→ **Exercise requirements**
All entries below are to be duplicated verbatim.
START Given entries
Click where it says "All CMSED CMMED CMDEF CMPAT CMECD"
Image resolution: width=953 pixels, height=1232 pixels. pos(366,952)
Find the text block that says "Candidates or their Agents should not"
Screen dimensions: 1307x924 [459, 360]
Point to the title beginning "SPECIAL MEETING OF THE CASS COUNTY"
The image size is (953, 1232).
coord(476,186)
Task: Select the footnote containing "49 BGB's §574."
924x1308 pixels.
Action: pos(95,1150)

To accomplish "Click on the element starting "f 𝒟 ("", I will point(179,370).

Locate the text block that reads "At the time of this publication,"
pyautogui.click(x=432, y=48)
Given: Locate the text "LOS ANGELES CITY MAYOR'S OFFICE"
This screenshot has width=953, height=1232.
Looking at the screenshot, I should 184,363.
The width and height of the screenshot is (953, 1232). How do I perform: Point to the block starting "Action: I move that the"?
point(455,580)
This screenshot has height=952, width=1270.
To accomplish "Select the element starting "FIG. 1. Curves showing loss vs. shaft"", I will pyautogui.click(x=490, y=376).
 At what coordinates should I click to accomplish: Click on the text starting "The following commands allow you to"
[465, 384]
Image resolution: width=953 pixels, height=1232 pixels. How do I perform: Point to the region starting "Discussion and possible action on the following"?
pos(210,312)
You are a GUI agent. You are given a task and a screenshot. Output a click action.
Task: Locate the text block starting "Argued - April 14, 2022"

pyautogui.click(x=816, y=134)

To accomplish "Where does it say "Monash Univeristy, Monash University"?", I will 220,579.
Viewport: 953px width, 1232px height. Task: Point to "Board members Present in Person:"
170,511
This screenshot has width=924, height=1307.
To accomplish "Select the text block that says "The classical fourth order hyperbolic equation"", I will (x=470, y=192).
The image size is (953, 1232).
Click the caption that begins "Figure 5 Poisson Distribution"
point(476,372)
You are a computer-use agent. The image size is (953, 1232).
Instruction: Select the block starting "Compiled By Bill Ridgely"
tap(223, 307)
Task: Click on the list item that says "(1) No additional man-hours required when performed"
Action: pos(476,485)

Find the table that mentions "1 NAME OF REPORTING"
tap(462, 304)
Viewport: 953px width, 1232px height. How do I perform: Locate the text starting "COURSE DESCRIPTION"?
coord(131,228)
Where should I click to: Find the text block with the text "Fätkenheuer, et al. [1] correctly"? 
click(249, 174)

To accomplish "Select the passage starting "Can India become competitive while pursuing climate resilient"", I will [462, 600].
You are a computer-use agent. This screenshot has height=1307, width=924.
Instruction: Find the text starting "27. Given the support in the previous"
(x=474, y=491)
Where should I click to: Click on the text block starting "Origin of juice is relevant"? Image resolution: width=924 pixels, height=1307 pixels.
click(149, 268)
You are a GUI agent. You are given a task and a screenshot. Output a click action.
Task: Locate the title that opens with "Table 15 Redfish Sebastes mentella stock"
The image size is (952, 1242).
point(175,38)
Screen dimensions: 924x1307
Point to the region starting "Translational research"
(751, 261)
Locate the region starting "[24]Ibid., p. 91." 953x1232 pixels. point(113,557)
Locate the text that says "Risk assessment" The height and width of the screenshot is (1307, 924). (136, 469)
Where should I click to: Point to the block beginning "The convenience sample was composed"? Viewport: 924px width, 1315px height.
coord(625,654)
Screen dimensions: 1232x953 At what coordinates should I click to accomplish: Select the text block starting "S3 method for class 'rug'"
END Given entries
→ **Solution**
Click where it says "All CMSED CMMED CMDEF CMPAT CMECD"
Image resolution: width=953 pixels, height=1232 pixels. pos(366,952)
Find the text block that says "Candidates or their Agents should not"
Screen dimensions: 1307x924 [459, 360]
Point to the title beginning "SPECIAL MEETING OF THE CASS COUNTY"
The image size is (953, 1232).
coord(476,186)
Task: Select the footnote containing "49 BGB's §574."
924x1308 pixels.
Action: pos(95,1150)

To accomplish "Click on the element starting "f 𝒟 ("", I will point(179,370).

Locate the text block that reads "At the time of this publication,"
pyautogui.click(x=432, y=48)
Given: Locate the text "LOS ANGELES CITY MAYOR'S OFFICE"
This screenshot has width=953, height=1232.
Looking at the screenshot, I should 184,363.
The width and height of the screenshot is (953, 1232). How do I perform: Point to the block starting "Action: I move that the"?
point(455,580)
This screenshot has height=952, width=1270.
To accomplish "Select the element starting "FIG. 1. Curves showing loss vs. shaft"", I will pyautogui.click(x=490, y=376).
 At what coordinates should I click to accomplish: Click on the text starting "The following commands allow you to"
[465, 384]
Image resolution: width=953 pixels, height=1232 pixels. How do I perform: Point to the region starting "Discussion and possible action on the following"?
pos(210,312)
You are a GUI agent. You are given a task and a screenshot. Output a click action.
Task: Locate the text block starting "Argued - April 14, 2022"

pyautogui.click(x=816, y=134)

To accomplish "Where does it say "Monash Univeristy, Monash University"?", I will 220,579.
Viewport: 953px width, 1232px height. Task: Point to "Board members Present in Person:"
170,511
This screenshot has width=924, height=1307.
To accomplish "Select the text block that says "The classical fourth order hyperbolic equation"", I will (x=470, y=192).
The image size is (953, 1232).
Click the caption that begins "Figure 5 Poisson Distribution"
point(476,372)
You are a computer-use agent. The image size is (953, 1232).
Instruction: Select the block starting "Compiled By Bill Ridgely"
tap(223, 307)
Task: Click on the list item that says "(1) No additional man-hours required when performed"
Action: pos(476,485)

Find the table that mentions "1 NAME OF REPORTING"
tap(462, 304)
Viewport: 953px width, 1232px height. How do I perform: Locate the text starting "COURSE DESCRIPTION"?
coord(131,228)
Where should I click to: Find the text block with the text "Fätkenheuer, et al. [1] correctly"? 
click(249, 174)

To accomplish "Select the passage starting "Can India become competitive while pursuing climate resilient"", I will [462, 600].
You are a computer-use agent. This screenshot has height=1307, width=924.
Instruction: Find the text starting "27. Given the support in the previous"
(x=474, y=491)
Where should I click to: Click on the text block starting "Origin of juice is relevant"? Image resolution: width=924 pixels, height=1307 pixels.
click(149, 268)
You are a GUI agent. You are given a task and a screenshot. Output a click action.
Task: Locate the title that opens with "Table 15 Redfish Sebastes mentella stock"
The image size is (952, 1242).
point(175,38)
Screen dimensions: 924x1307
Point to the region starting "Translational research"
(751, 261)
Locate the region starting "[24]Ibid., p. 91." 953x1232 pixels. point(113,557)
Locate the text that says "Risk assessment" The height and width of the screenshot is (1307, 924). (136, 469)
Where should I click to: Point to the block beginning "The convenience sample was composed"? Viewport: 924px width, 1315px height.
coord(625,654)
Screen dimensions: 1232x953 At what coordinates should I click to accomplish: Select the text block starting "S3 method for class 'rug'"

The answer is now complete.